By culture, we understand the ability of members of a speech community to orientate themselves with respect to social,
moral, political, and so on values in their empirical and mental experience. Cultural categories (such as Time and Space,
Good and Evil, etc.) are conceptualized in the subconscious knowledge of standards, stereotypes, mythologies, rituals,
general habits, and other cultural patterns. (For further details, see Bartminski 1993 and Teliya 1993.) A set of patterns
can be looked upon as an alphabet of culture. When these patterns enter the lexicon, they may act as 'direct' cultural signs
(e.g. as proverbs and sayings, with their immediate descriptive and prescriptive functions, and invariable epithets and
comparisons, such as Eng. as happy as a lark, as cunning as a fox, etc.). On the other hand, when linguistic symbols
interpret cultural patterns and categories, then these symbols serve as bodies for those cultural patterns. In that case,
language units acquire the status of quasi-standards, quasi-stereotypes, and so on. For example, the idiom nesti krest, lit.
'to carry one's cross', interprets the biblical story of the Crucifixion and in its everyday, non-biblical, usage becomes the
quasi-stereotype of torment and self-sacrifice. In a similar fashion, Russ. u cherta na kulichkakh, lit. 'in the devil's mires',
or 'very far away', acts as a quasi-standard of remoteness through its allusion to the Other Space, a dwelling-place of evil
spirits. Similarly, in chernaya zavis″, lit. 'black envy', the collocator bears an allusion to the idea of evil (in general,
symbolically represented by the colour black) and through this becomes a quasisymbol of this evil feeling.

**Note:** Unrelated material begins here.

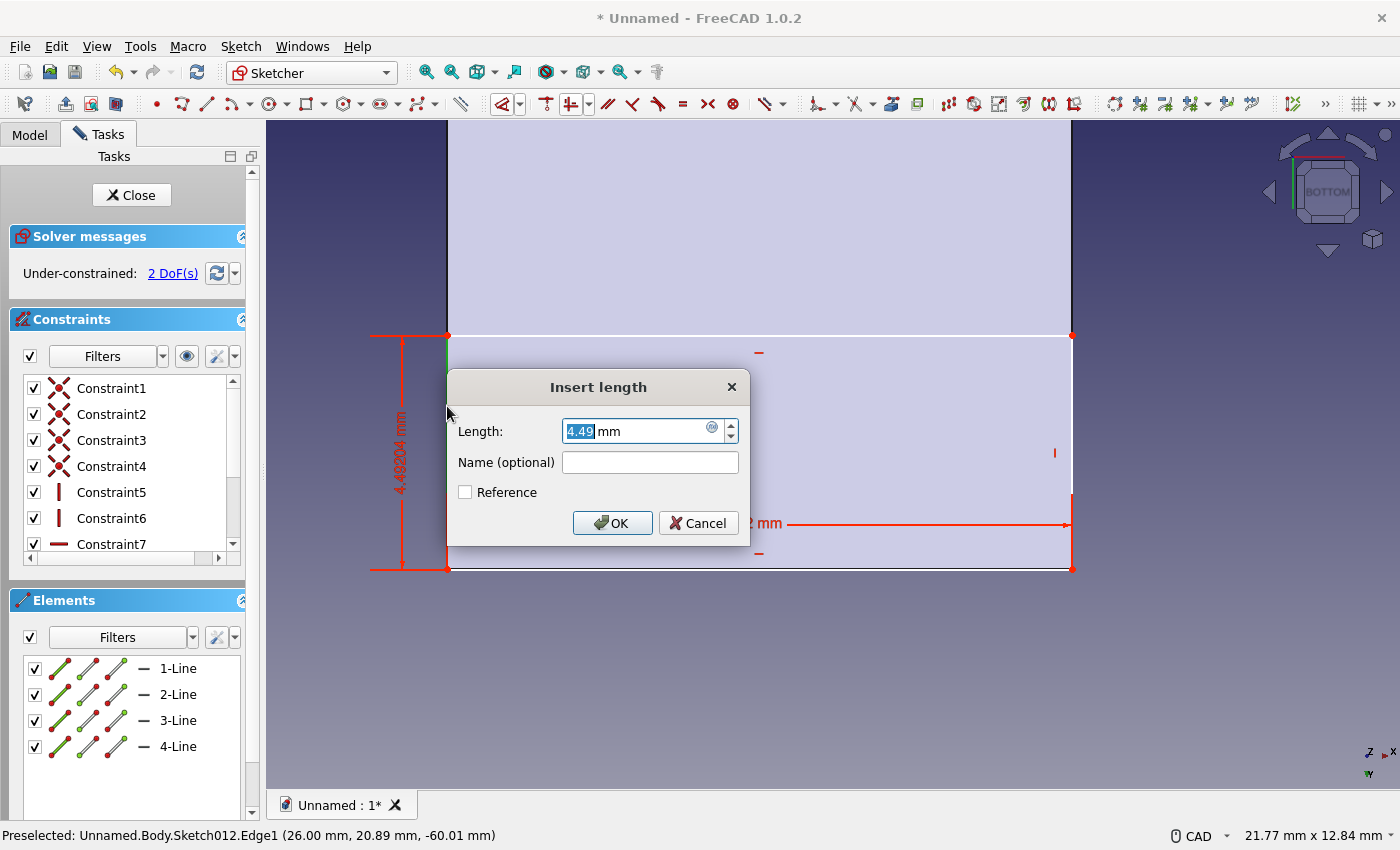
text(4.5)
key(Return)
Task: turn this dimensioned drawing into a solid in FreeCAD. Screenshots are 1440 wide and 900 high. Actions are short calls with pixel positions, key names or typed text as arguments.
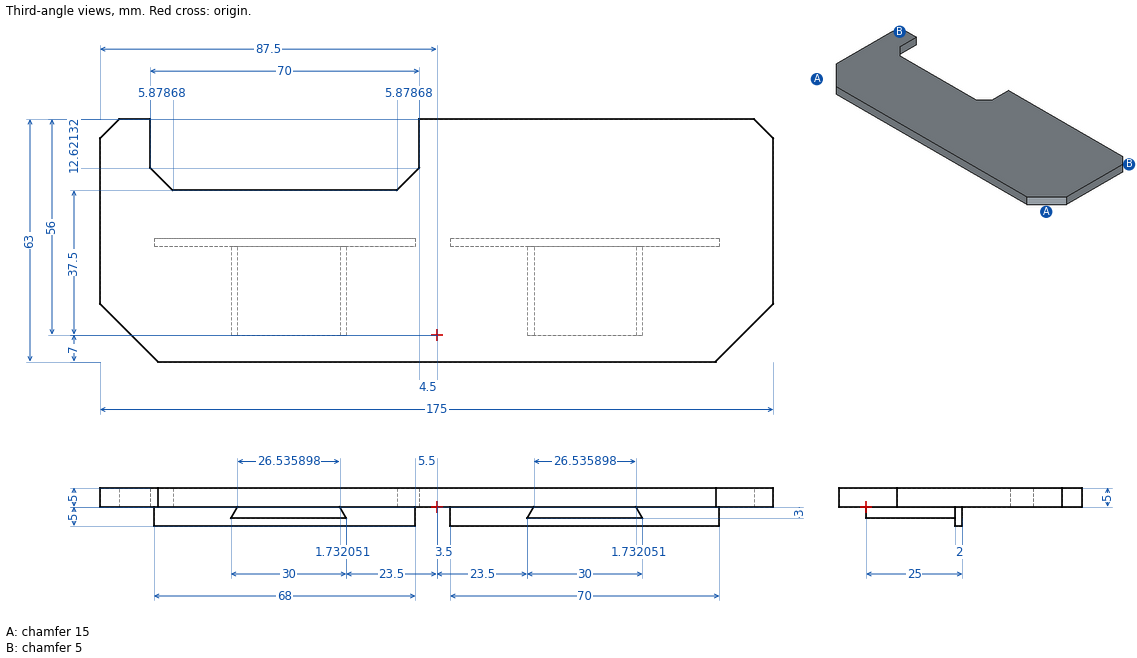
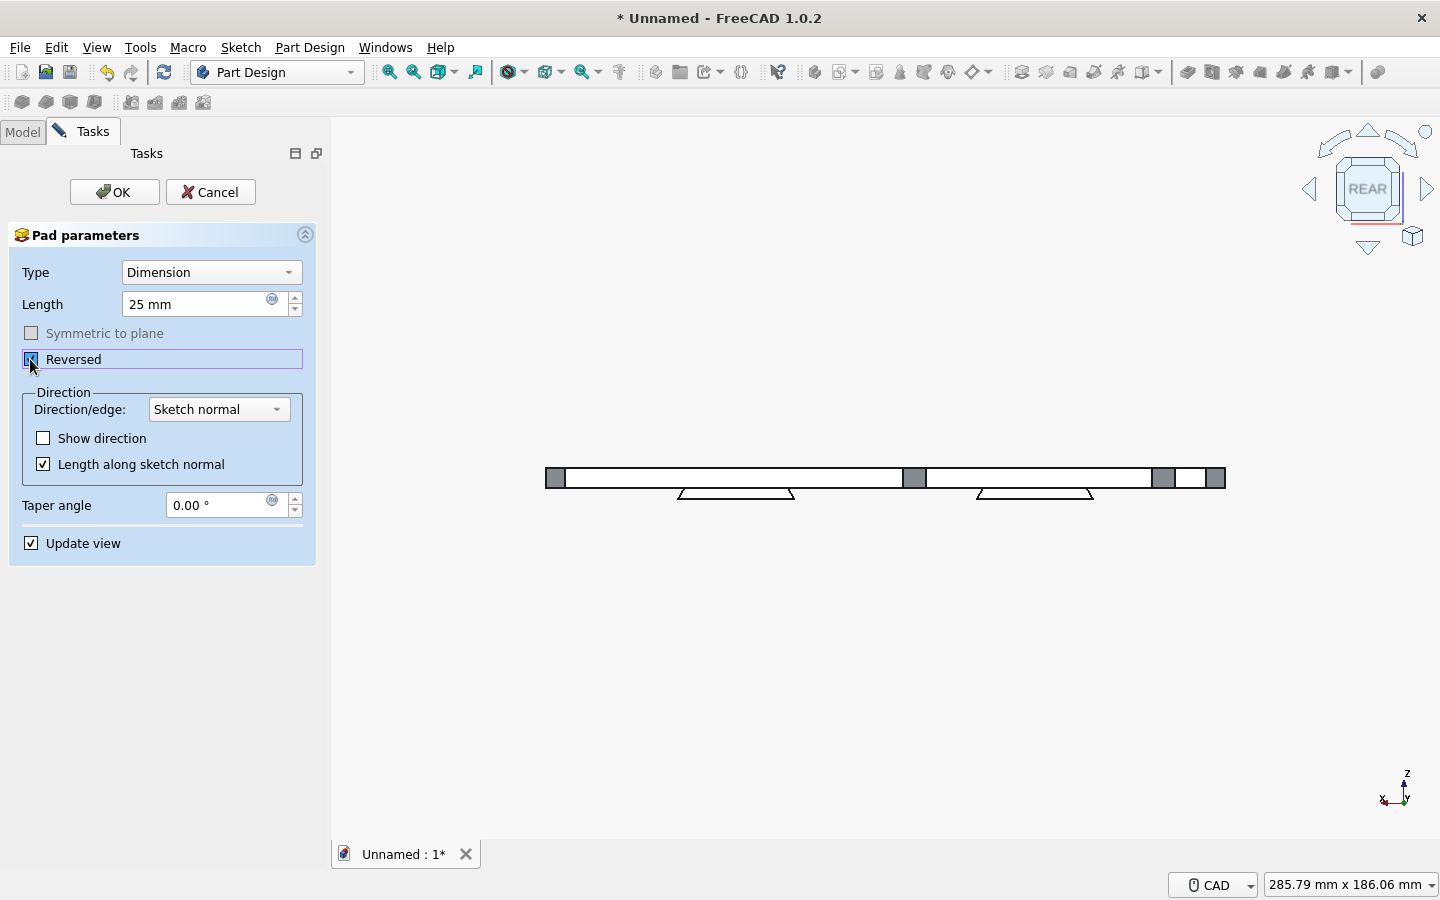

Such instances seem to confirm our suggestion that native speakers' capacity for linguistic introspection and cultural
reflection derives from their knowledge of cultural-linguistic codes -- that is, from their linguo-cultural competence. Linguocultural
competence is assumed to be acquired (together with, and in close connection with, knowledge of one's mother
tongue) in the process of internalizing collective cultural experience.